Un groupe international de chercheurs a montré que le réchauffement climatique actuel associé aux activités humaines aurait débuté il y a près de deux siècles. Ce travail, publié dans la revue Nature du 25 août 2016, s’appuie sur une synthèse de données paléo-climatiques réalisée dans le cadre du programme international « Past Global Changes 2k ».

Parce que les mesures directes de température sont rares et incertaines avant 1900, la période instrumentale, pendant laquelle les relevés de thermomètres permettent de prendre la température de la planète, ne recouvre qu’une fenêtre temporelle restreinte. Pendant cette période, qui débute à la fin du 19ème siècle, le réchauffement climatique imputable à l’homme qui est en moyenne de l’ordre de 1°C est évident. Ainsi, le changement climatique anthropique est généralement considéré comme un phénomène datant du début du 20ème siècle.

Une équipe de 25 scientifiques provenant d’Australie, des États-Unis, d’Europe et d’Asie et travaillant ensemble dans le consortium « Past Global Changes 2000 years (PAGES 2K) » vient de publier une synthèse de reconstructions de la température à la surface de la planète couvrant les 5 derniers siècles. Ces données ont permis de mettre en perspective le réchauffement climatique anthropique vis-à-vis de la variabilité naturelle du climat au-delà de la période instrumentale. Les températures océaniques ont principalement été obtenues grâce à l’analyse de coraux et de sédiments marins ; celles de l’atmosphère à la surface des continents sont issues de l’analyse de cernes d’arbres, de spéléothèmes et de carottes de glace.

Comme le souligne Nerilie Abram, Professeure à l’Université nationale australienne (ANU) et auteure principale de cet article, le réchauffement climatique auquel nous assistons a commencé au tout début de la révolution industrielle. « C’est une découverte étonnante, un de ces moments lors desquels la science nous surprend. Mais les résultats sont clairs : le réchauffement climatique auquel nous assistons a débuté il y a environ 180 ans », déclare Nerilie Abram. Cette étude met donc en évidence un réchauffement plus précoce que les scientifiques ne l’avaient envisagé auparavant.
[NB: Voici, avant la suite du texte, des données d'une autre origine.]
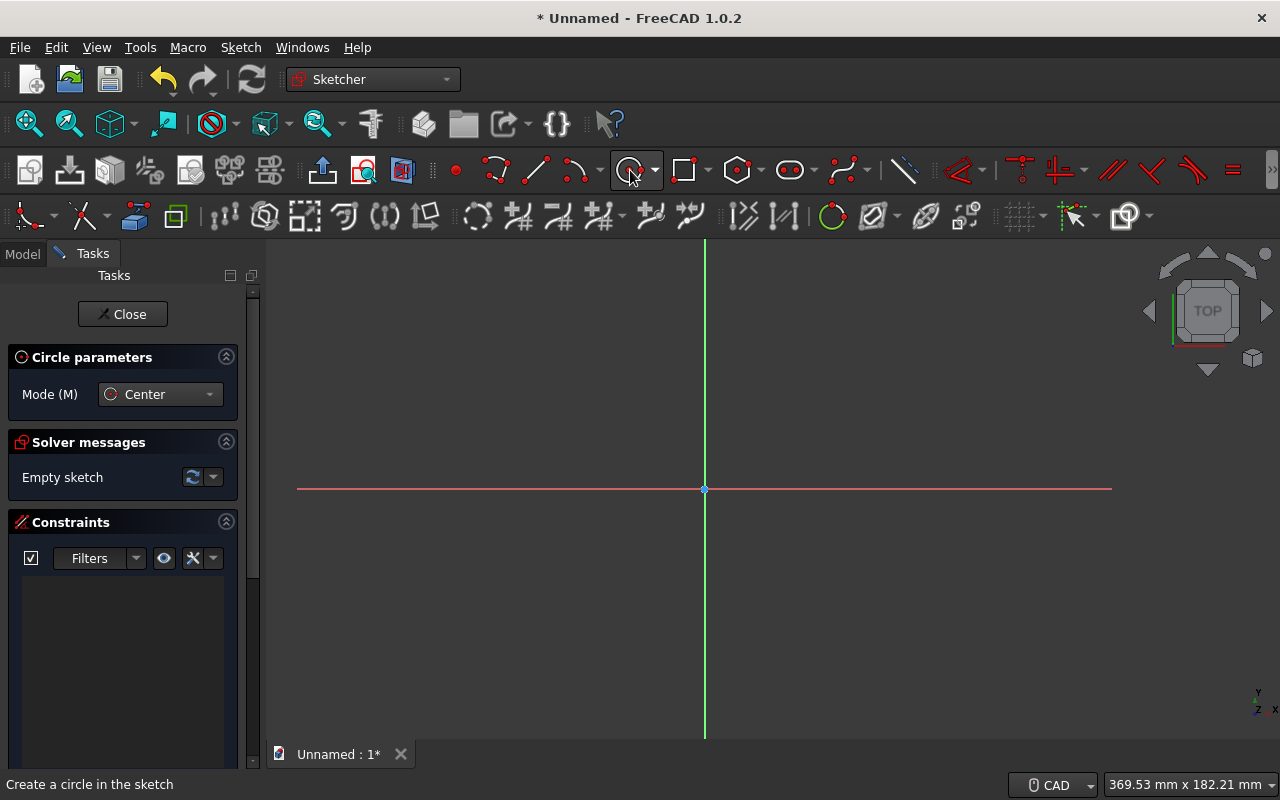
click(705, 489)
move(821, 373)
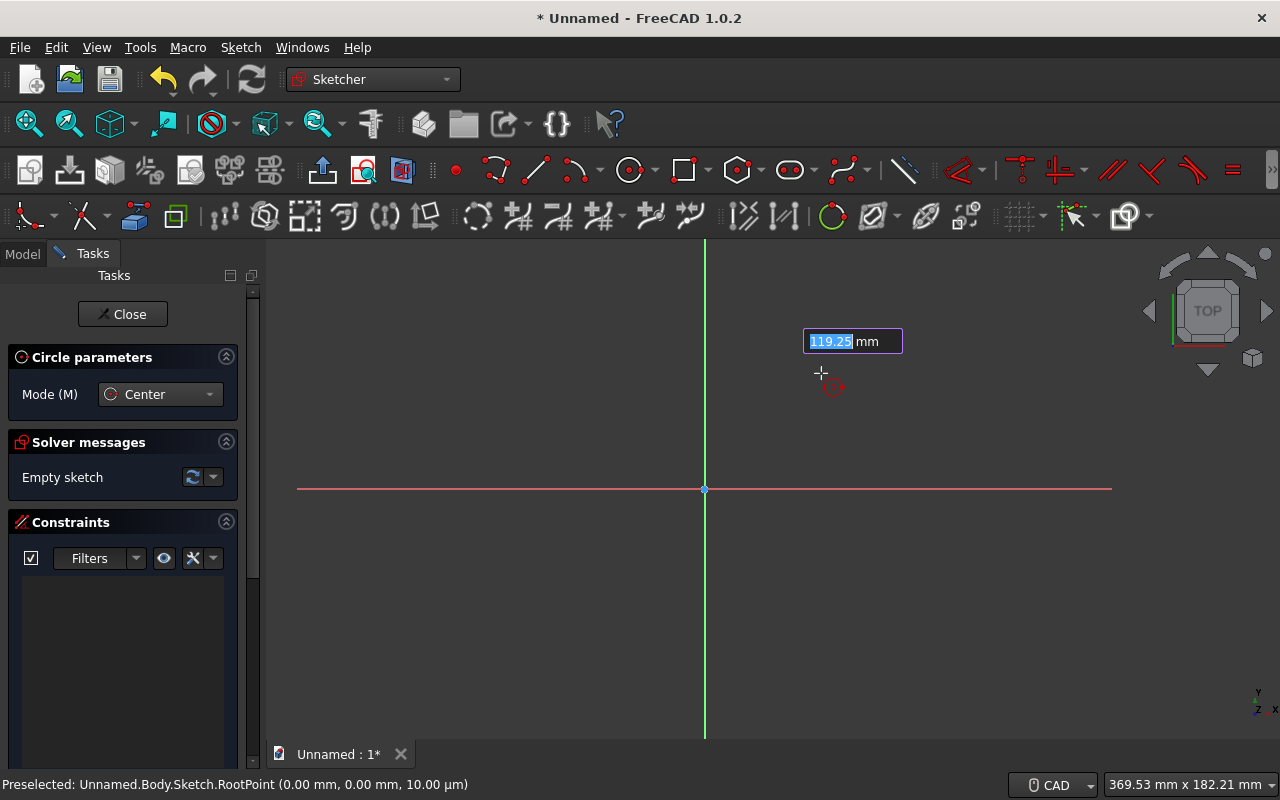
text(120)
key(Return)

Ces résultats ont des implications importantes sur l’impact de l’activité humaine sur le climat en datant précisément le moment où il a dévié de son état naturel. De plus, « Cette synthèse unique de données à l’échelle globale montre que le réchauffement actuel n’a pas débuté de manière synchrone sur l’ensemble de la planète » souligne Marie-Alexandrine Sicre, Directrice de recherche CNRS au LOCEAN à Paris, co-auteure de l’article. En effet, le réchauffement a d’abord touché la région Arctique et les océans tropicaux, dès les années 1830, avant d’atteindre les autres régions de l’hémisphère Nord. Dans l’hémisphère Sud, comme en Australie ou en Amérique du Sud, il a fallu attendre près d’un siècle pour que le réchauffement soit détectable dans les archives paléo-climatiques », ajoute-t-elle.

Seules les données paléoclimatiques permettent de prendre le recul nécessaire de plusieurs siècles pour détecter des changements de températures aussi ténus que ceux rapportés dans cette étude. En effet, le réchauffement ayant impacté le 19ème siècle était tel qu’il n’aurait pas pu être ressenti par la population vivant à cette époque. « Les températures ont certes augmenté dès le début du 19ème siècle, mais l’émergence de ce signal, à savoir la période à partir de laquelle la magnitude du réchauffement excède celle des fluctuations naturelles des températures, ne s’est fait qu’un siècle plus tard » ajoute Guillaume Leduc, Chercheur CNRS au CEREGE à Aix-Marseille, également co-signataire de l’article. De plus, « les simulations réalisées par les modèles climatiques prenant en compte les forçages solaires, volcaniques et anthropiques, confirment ce que révèlent les données paléo-climatiques tant sur la précocité que sur l’asymétrie du réchauffement lié à l’homme ».

Ce résultat illustre l’extrême sensibilité du climat aux perturbations anthropiques. « Bien que les niveaux de gaz à effet de serre issus de l’activité humaine dans les années 1800 soient encore faibles, leur effet sur les températures est détectable dès le début de l’Ere industrielle. Le climat de la Terre réagit donc très vite à une augmentation même faible d’émission de gaz à effet de serre, et de manière détectable par les archives paléoclimatiques », remarque Helen McGregor, chercheuse à l’université de Wollongong (UW), co-auteure de cet article.

Ce travail est publié dans la dernière édition de la Nature.